Provided material section start

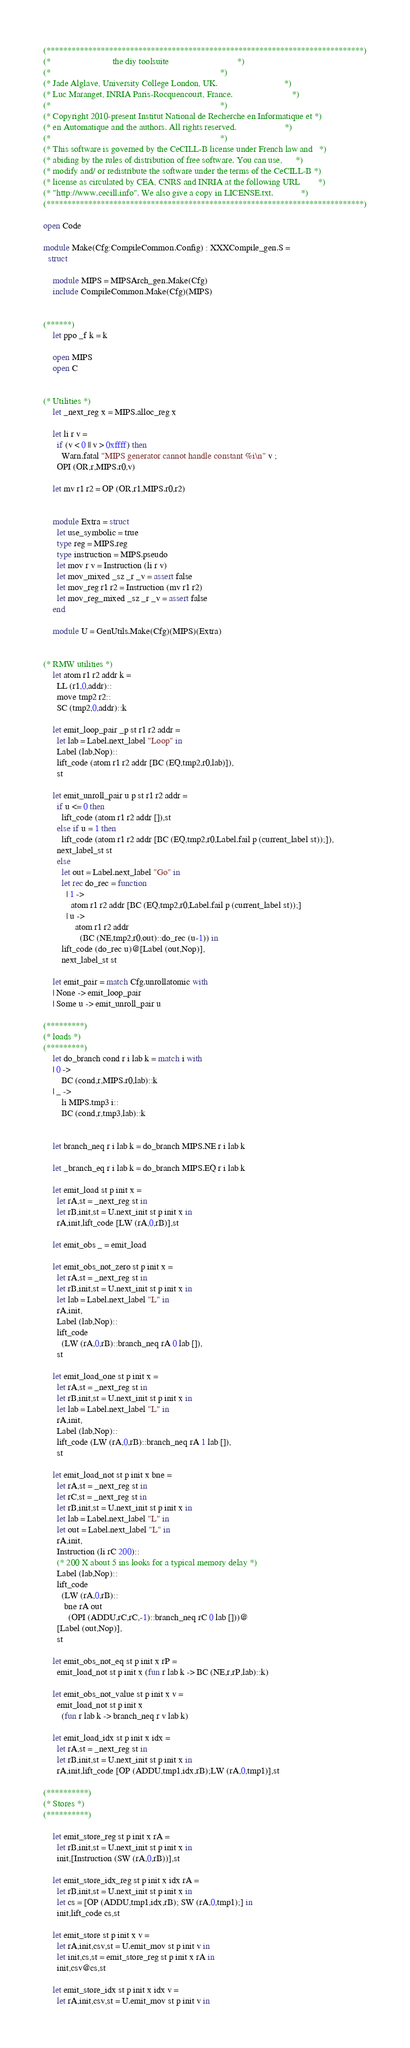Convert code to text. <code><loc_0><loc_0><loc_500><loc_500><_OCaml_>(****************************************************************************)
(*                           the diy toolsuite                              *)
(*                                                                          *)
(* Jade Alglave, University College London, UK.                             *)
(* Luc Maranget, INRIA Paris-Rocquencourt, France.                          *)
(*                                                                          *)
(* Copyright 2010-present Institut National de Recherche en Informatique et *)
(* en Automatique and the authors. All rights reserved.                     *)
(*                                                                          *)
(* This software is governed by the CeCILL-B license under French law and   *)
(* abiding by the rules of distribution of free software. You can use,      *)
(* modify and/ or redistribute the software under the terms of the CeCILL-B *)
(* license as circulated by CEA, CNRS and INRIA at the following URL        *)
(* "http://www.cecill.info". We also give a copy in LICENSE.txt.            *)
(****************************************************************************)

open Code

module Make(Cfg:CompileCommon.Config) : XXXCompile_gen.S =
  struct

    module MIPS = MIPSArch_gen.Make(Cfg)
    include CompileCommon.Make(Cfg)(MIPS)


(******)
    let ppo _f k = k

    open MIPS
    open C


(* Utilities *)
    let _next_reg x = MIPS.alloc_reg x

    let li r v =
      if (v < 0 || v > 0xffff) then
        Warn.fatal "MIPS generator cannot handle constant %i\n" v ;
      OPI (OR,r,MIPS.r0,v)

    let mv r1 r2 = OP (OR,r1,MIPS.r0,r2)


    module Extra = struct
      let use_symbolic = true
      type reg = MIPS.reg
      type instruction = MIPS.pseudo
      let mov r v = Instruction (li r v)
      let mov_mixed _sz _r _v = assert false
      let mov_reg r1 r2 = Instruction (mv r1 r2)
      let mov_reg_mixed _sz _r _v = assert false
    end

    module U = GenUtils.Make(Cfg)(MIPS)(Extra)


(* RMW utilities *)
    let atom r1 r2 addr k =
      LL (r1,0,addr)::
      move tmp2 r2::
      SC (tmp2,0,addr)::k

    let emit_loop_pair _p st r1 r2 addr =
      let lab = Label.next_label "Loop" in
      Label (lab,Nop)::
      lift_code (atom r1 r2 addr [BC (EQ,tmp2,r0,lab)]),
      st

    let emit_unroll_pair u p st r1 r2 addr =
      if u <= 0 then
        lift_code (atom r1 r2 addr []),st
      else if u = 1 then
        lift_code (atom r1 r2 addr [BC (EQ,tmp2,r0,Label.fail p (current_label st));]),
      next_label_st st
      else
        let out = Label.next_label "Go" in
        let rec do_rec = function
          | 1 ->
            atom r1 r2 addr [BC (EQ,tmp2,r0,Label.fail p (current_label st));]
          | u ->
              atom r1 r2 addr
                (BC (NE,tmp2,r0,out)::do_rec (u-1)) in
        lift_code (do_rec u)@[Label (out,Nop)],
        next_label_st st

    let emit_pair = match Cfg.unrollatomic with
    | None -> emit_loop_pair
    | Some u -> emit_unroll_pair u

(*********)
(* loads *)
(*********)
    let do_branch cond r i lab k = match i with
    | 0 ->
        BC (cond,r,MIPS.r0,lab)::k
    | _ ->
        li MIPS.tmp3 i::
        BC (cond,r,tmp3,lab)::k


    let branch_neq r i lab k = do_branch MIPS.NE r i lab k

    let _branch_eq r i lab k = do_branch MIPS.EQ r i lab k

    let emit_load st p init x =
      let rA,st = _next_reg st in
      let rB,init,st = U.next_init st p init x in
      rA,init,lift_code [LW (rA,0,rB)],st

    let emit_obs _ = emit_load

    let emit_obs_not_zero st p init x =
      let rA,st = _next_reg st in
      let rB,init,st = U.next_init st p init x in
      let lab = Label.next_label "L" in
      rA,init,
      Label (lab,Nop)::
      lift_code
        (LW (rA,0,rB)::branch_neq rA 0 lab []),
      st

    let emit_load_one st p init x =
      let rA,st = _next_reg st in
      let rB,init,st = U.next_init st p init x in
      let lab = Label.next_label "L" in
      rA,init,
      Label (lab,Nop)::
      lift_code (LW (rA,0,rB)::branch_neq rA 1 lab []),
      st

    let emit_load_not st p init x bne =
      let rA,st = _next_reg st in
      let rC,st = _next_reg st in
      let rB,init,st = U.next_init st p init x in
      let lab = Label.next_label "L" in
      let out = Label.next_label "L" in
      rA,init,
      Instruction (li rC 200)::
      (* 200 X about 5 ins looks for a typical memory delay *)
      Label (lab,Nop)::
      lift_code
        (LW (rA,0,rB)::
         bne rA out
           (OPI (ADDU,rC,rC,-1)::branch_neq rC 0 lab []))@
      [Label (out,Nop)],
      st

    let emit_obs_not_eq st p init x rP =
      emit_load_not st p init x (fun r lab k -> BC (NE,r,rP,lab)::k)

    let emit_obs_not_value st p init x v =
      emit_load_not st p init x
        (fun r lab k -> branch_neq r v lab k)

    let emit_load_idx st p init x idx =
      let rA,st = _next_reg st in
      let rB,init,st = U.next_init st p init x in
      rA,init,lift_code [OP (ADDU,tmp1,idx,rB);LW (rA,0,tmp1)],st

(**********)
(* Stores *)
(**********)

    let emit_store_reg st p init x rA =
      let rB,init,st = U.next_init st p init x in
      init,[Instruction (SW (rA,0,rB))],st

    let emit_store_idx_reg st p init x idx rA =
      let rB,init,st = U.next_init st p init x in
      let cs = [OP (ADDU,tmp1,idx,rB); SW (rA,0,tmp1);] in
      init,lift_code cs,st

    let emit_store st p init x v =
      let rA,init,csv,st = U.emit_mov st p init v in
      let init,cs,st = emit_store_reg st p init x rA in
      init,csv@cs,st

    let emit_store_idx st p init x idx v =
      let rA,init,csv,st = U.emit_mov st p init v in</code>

Provided material section end

Identify the lines above with the word "fail". Copy them.

        lift_code (atom r1 r2 addr [BC (EQ,tmp2,r0,Label.fail p (current_label st));]),
            atom r1 r2 addr [BC (EQ,tmp2,r0,Label.fail p (current_label st));]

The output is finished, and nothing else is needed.